Dataset Block Start

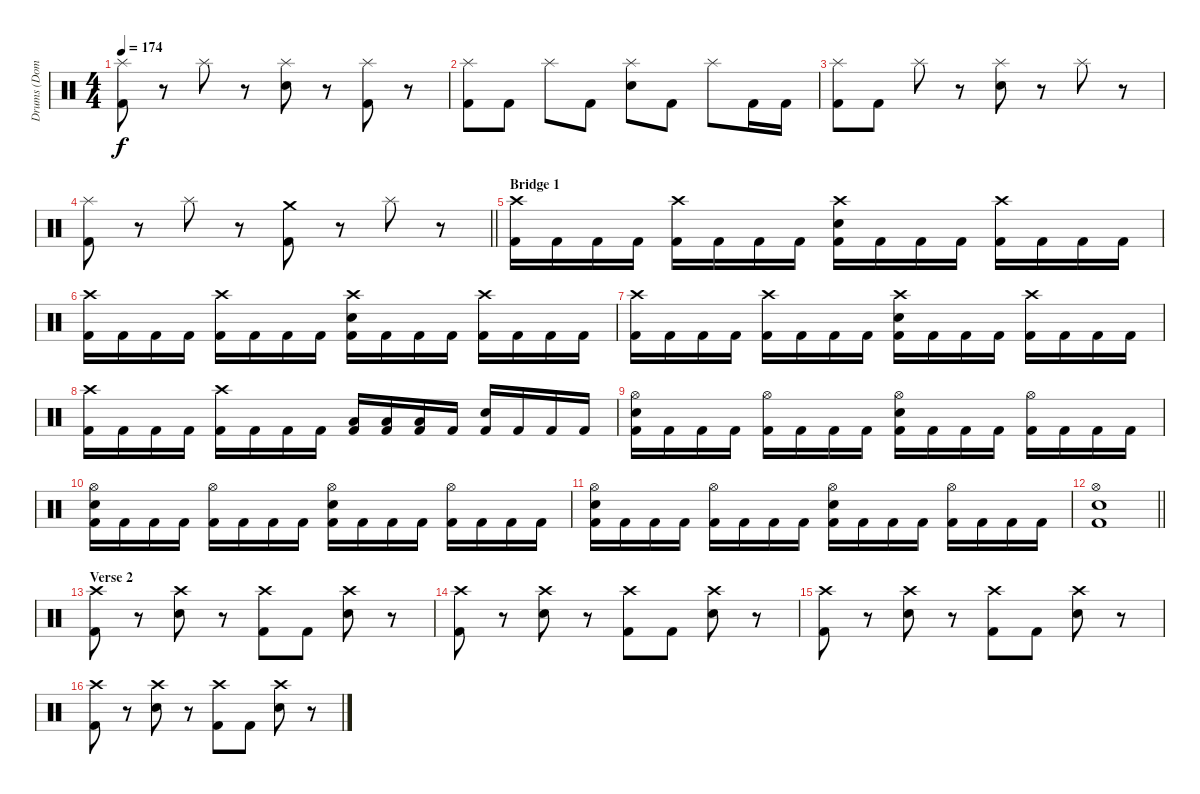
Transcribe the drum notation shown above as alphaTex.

\track ("Drums (Dominik)" "Drums (Dom") {instrument percussion}
\staff {score}
\articulation defaults
\ts (4 4)
\tempo 174
\clef neutral
\ks c
("Splash (hit)" "Kick (hit) 2").8{dy f} r.8 "Splash (hit)".8 r.8 ("Splash (hit)" "Electric Snare (hit)").8 r.8 ("Splash (hit)" "Kick (hit) 2").8 r.8 |
("Splash (hit)" "Kick (hit) 2").8 "Kick (hit) 2".8 "Splash (hit)".8 "Kick (hit) 2".8 ("Splash (hit)" "Electric Snare (hit)").8 "Kick (hit) 2".8 "Splash (hit)".8 "Kick (hit) 2".16 "Kick (hit) 2".16 |
("Splash (hit)" "Kick (hit) 2").8 "Kick (hit) 2".8 "Splash (hit)".8 r.8 ("Splash (hit)" "Electric Snare (hit)").8 r.8 "Splash (hit)".8 r.8 |
\barLineRight lightlight
("Splash (hit)" "Kick (hit) 2").8 r.8 "Splash (hit)".8 r.8 ("Crash medium (hit)" "Kick (hit) 2").8 r.8 "Splash (hit)".8 r.8 |
\section ("" "Bridge 1")
("Crash high (hit)" "Kick (hit) 2").16 "Kick (hit) 2".16 "Kick (hit) 2".16 "Kick (hit) 2".16 ("Crash high (hit)" "Kick (hit) 2").16 "Kick (hit) 2".16 "Kick (hit) 2".16 "Kick (hit) 2".16 ("Crash high (hit)" "Electric Snare (hit)" "Kick (hit) 2").16 "Kick (hit) 2".16 "Kick (hit) 2".16 "Kick (hit) 2".16 ("Crash high (hit)" "Kick (hit) 2").16 "Kick (hit) 2".16 "Kick (hit) 2".16 "Kick (hit) 2".16 |
("Crash high (hit)" "Kick (hit) 2").16 "Kick (hit) 2".16 "Kick (hit) 2".16 "Kick (hit) 2".16 ("Crash high (hit)" "Kick (hit) 2").16 "Kick (hit) 2".16 "Kick (hit) 2".16 "Kick (hit) 2".16 ("Crash high (hit)" "Electric Snare (hit)" "Kick (hit) 2").16 "Kick (hit) 2".16 "Kick (hit) 2".16 "Kick (hit) 2".16 ("Crash high (hit)" "Kick (hit) 2").16 "Kick (hit) 2".16 "Kick (hit) 2".16 "Kick (hit) 2".16 |
("Crash high (hit)" "Kick (hit) 2").16 "Kick (hit) 2".16 "Kick (hit) 2".16 "Kick (hit) 2".16 ("Crash high (hit)" "Kick (hit) 2").16 "Kick (hit) 2".16 "Kick (hit) 2".16 "Kick (hit) 2".16 ("Crash high (hit)" "Electric Snare (hit)" "Kick (hit) 2").16 "Kick (hit) 2".16 "Kick (hit) 2".16 "Kick (hit) 2".16 ("Crash high (hit)" "Kick (hit) 2").16 "Kick (hit) 2".16 "Kick (hit) 2".16 "Kick (hit) 2".16 |
("Crash high (hit)" "Kick (hit) 2").16 "Kick (hit) 2".16 "Kick (hit) 2".16 "Kick (hit) 2".16 ("Crash high (hit)" "Kick (hit) 2").16 "Kick (hit) 2".16 "Kick (hit) 2".16 "Kick (hit) 2".16 ("Low Tom (hit)" "Kick (hit) 2").16 ("Low Tom (hit)" "Kick (hit) 2").16 ("Low Tom (hit)" "Kick (hit) 2").16 "Kick (hit) 2".16 ("Electric Snare (hit)" "Kick (hit) 2").16 "Kick (hit) 2".16 "Kick (hit) 2".16 "Kick (hit) 2".16 |
("Hi-Hat (open)" "Electric Snare (hit)" "Kick (hit) 2").16 "Kick (hit) 2".16 "Kick (hit) 2".16 "Kick (hit) 2".16 ("Hi-Hat (open)" "Kick (hit) 2").16 "Kick (hit) 2".16 "Kick (hit) 2".16 "Kick (hit) 2".16 ("Hi-Hat (open)" "Electric Snare (hit)" "Kick (hit) 2").16 "Kick (hit) 2".16 "Kick (hit) 2".16 "Kick (hit) 2".16 ("Hi-Hat (open)" "Kick (hit) 2").16 "Kick (hit) 2".16 "Kick (hit) 2".16 "Kick (hit) 2".16 |
("Hi-Hat (open)" "Electric Snare (hit)" "Kick (hit) 2").16 "Kick (hit) 2".16 "Kick (hit) 2".16 "Kick (hit) 2".16 ("Hi-Hat (open)" "Kick (hit) 2").16 "Kick (hit) 2".16 "Kick (hit) 2".16 "Kick (hit) 2".16 ("Hi-Hat (open)" "Electric Snare (hit)" "Kick (hit) 2").16 "Kick (hit) 2".16 "Kick (hit) 2".16 "Kick (hit) 2".16 ("Hi-Hat (open)" "Kick (hit) 2").16 "Kick (hit) 2".16 "Kick (hit) 2".16 "Kick (hit) 2".16 |
("Hi-Hat (open)" "Electric Snare (hit)" "Kick (hit) 2").16 "Kick (hit) 2".16 "Kick (hit) 2".16 "Kick (hit) 2".16 ("Hi-Hat (open)" "Kick (hit) 2").16 "Kick (hit) 2".16 "Kick (hit) 2".16 "Kick (hit) 2".16 ("Hi-Hat (open)" "Electric Snare (hit)" "Kick (hit) 2").16 "Kick (hit) 2".16 "Kick (hit) 2".16 "Kick (hit) 2".16 ("Hi-Hat (open)" "Kick (hit) 2").16 "Kick (hit) 2".16 "Kick (hit) 2".16 "Kick (hit) 2".16 |
\barLineRight lightlight
("Hi-Hat (open)" "Electric Snare (hit)" "Kick (hit) 2").1 |
\section ("" "Verse 2")
("Crash high (hit)" "Kick (hit) 2").8 r.8 ("Crash high (hit)" "Electric Snare (hit)").8 r.8 ("Crash high (hit)" "Kick (hit) 2").8 "Kick (hit) 2".8 ("Crash high (hit)" "Electric Snare (hit)").8 r.8 |
("Crash high (hit)" "Kick (hit) 2").8 r.8 ("Crash high (hit)" "Electric Snare (hit)").8 r.8 ("Crash high (hit)" "Kick (hit) 2").8 "Kick (hit) 2".8 ("Crash high (hit)" "Electric Snare (hit)").8 r.8 |
("Crash high (hit)" "Kick (hit) 2").8 r.8 ("Crash high (hit)" "Electric Snare (hit)").8 r.8 ("Crash high (hit)" "Kick (hit) 2").8 "Kick (hit) 2".8 ("Crash high (hit)" "Electric Snare (hit)").8 r.8 |
("Crash high (hit)" "Kick (hit) 2").8 r.8 ("Crash high (hit)" "Electric Snare (hit)").8 r.8 ("Crash high (hit)" "Kick (hit) 2").8 "Kick (hit) 2".8 ("Crash high (hit)" "Electric Snare (hit)").8 r.8

Dataset Block End

» **Brief**:
Each line in the records above should be reproduced exactly; images are not copied.

» **Solution to this exercise**:
Transcribe the drum notation shown above as alphaTex.

\track ("Drums (Dominik)" "Drums (Dom") {instrument percussion}
\staff {score}
\articulation defaults
\ts (4 4)
\tempo 174
\clef neutral
\ks c
("Splash (hit)" "Kick (hit) 2").8{dy f} r.8 "Splash (hit)".8 r.8 ("Splash (hit)" "Electric Snare (hit)").8 r.8 ("Splash (hit)" "Kick (hit) 2").8 r.8 |
("Splash (hit)" "Kick (hit) 2").8 "Kick (hit) 2".8 "Splash (hit)".8 "Kick (hit) 2".8 ("Splash (hit)" "Electric Snare (hit)").8 "Kick (hit) 2".8 "Splash (hit)".8 "Kick (hit) 2".16 "Kick (hit) 2".16 |
("Splash (hit)" "Kick (hit) 2").8 "Kick (hit) 2".8 "Splash (hit)".8 r.8 ("Splash (hit)" "Electric Snare (hit)").8 r.8 "Splash (hit)".8 r.8 |
\barLineRight lightlight
("Splash (hit)" "Kick (hit) 2").8 r.8 "Splash (hit)".8 r.8 ("Crash medium (hit)" "Kick (hit) 2").8 r.8 "Splash (hit)".8 r.8 |
\section ("" "Bridge 1")
("Crash high (hit)" "Kick (hit) 2").16 "Kick (hit) 2".16 "Kick (hit) 2".16 "Kick (hit) 2".16 ("Crash high (hit)" "Kick (hit) 2").16 "Kick (hit) 2".16 "Kick (hit) 2".16 "Kick (hit) 2".16 ("Crash high (hit)" "Electric Snare (hit)" "Kick (hit) 2").16 "Kick (hit) 2".16 "Kick (hit) 2".16 "Kick (hit) 2".16 ("Crash high (hit)" "Kick (hit) 2").16 "Kick (hit) 2".16 "Kick (hit) 2".16 "Kick (hit) 2".16 |
("Crash high (hit)" "Kick (hit) 2").16 "Kick (hit) 2".16 "Kick (hit) 2".16 "Kick (hit) 2".16 ("Crash high (hit)" "Kick (hit) 2").16 "Kick (hit) 2".16 "Kick (hit) 2".16 "Kick (hit) 2".16 ("Crash high (hit)" "Electric Snare (hit)" "Kick (hit) 2").16 "Kick (hit) 2".16 "Kick (hit) 2".16 "Kick (hit) 2".16 ("Crash high (hit)" "Kick (hit) 2").16 "Kick (hit) 2".16 "Kick (hit) 2".16 "Kick (hit) 2".16 |
("Crash high (hit)" "Kick (hit) 2").16 "Kick (hit) 2".16 "Kick (hit) 2".16 "Kick (hit) 2".16 ("Crash high (hit)" "Kick (hit) 2").16 "Kick (hit) 2".16 "Kick (hit) 2".16 "Kick (hit) 2".16 ("Crash high (hit)" "Electric Snare (hit)" "Kick (hit) 2").16 "Kick (hit) 2".16 "Kick (hit) 2".16 "Kick (hit) 2".16 ("Crash high (hit)" "Kick (hit) 2").16 "Kick (hit) 2".16 "Kick (hit) 2".16 "Kick (hit) 2".16 |
("Crash high (hit)" "Kick (hit) 2").16 "Kick (hit) 2".16 "Kick (hit) 2".16 "Kick (hit) 2".16 ("Crash high (hit)" "Kick (hit) 2").16 "Kick (hit) 2".16 "Kick (hit) 2".16 "Kick (hit) 2".16 ("Low Tom (hit)" "Kick (hit) 2").16 ("Low Tom (hit)" "Kick (hit) 2").16 ("Low Tom (hit)" "Kick (hit) 2").16 "Kick (hit) 2".16 ("Electric Snare (hit)" "Kick (hit) 2").16 "Kick (hit) 2".16 "Kick (hit) 2".16 "Kick (hit) 2".16 |
("Hi-Hat (open)" "Electric Snare (hit)" "Kick (hit) 2").16 "Kick (hit) 2".16 "Kick (hit) 2".16 "Kick (hit) 2".16 ("Hi-Hat (open)" "Kick (hit) 2").16 "Kick (hit) 2".16 "Kick (hit) 2".16 "Kick (hit) 2".16 ("Hi-Hat (open)" "Electric Snare (hit)" "Kick (hit) 2").16 "Kick (hit) 2".16 "Kick (hit) 2".16 "Kick (hit) 2".16 ("Hi-Hat (open)" "Kick (hit) 2").16 "Kick (hit) 2".16 "Kick (hit) 2".16 "Kick (hit) 2".16 |
("Hi-Hat (open)" "Electric Snare (hit)" "Kick (hit) 2").16 "Kick (hit) 2".16 "Kick (hit) 2".16 "Kick (hit) 2".16 ("Hi-Hat (open)" "Kick (hit) 2").16 "Kick (hit) 2".16 "Kick (hit) 2".16 "Kick (hit) 2".16 ("Hi-Hat (open)" "Electric Snare (hit)" "Kick (hit) 2").16 "Kick (hit) 2".16 "Kick (hit) 2".16 "Kick (hit) 2".16 ("Hi-Hat (open)" "Kick (hit) 2").16 "Kick (hit) 2".16 "Kick (hit) 2".16 "Kick (hit) 2".16 |
("Hi-Hat (open)" "Electric Snare (hit)" "Kick (hit) 2").16 "Kick (hit) 2".16 "Kick (hit) 2".16 "Kick (hit) 2".16 ("Hi-Hat (open)" "Kick (hit) 2").16 "Kick (hit) 2".16 "Kick (hit) 2".16 "Kick (hit) 2".16 ("Hi-Hat (open)" "Electric Snare (hit)" "Kick (hit) 2").16 "Kick (hit) 2".16 "Kick (hit) 2".16 "Kick (hit) 2".16 ("Hi-Hat (open)" "Kick (hit) 2").16 "Kick (hit) 2".16 "Kick (hit) 2".16 "Kick (hit) 2".16 |
\barLineRight lightlight
("Hi-Hat (open)" "Electric Snare (hit)" "Kick (hit) 2").1 |
\section ("" "Verse 2")
("Crash high (hit)" "Kick (hit) 2").8 r.8 ("Crash high (hit)" "Electric Snare (hit)").8 r.8 ("Crash high (hit)" "Kick (hit) 2").8 "Kick (hit) 2".8 ("Crash high (hit)" "Electric Snare (hit)").8 r.8 |
("Crash high (hit)" "Kick (hit) 2").8 r.8 ("Crash high (hit)" "Electric Snare (hit)").8 r.8 ("Crash high (hit)" "Kick (hit) 2").8 "Kick (hit) 2".8 ("Crash high (hit)" "Electric Snare (hit)").8 r.8 |
("Crash high (hit)" "Kick (hit) 2").8 r.8 ("Crash high (hit)" "Electric Snare (hit)").8 r.8 ("Crash high (hit)" "Kick (hit) 2").8 "Kick (hit) 2".8 ("Crash high (hit)" "Electric Snare (hit)").8 r.8 |
("Crash high (hit)" "Kick (hit) 2").8 r.8 ("Crash high (hit)" "Electric Snare (hit)").8 r.8 ("Crash high (hit)" "Kick (hit) 2").8 "Kick (hit) 2".8 ("Crash high (hit)" "Electric Snare (hit)").8 r.8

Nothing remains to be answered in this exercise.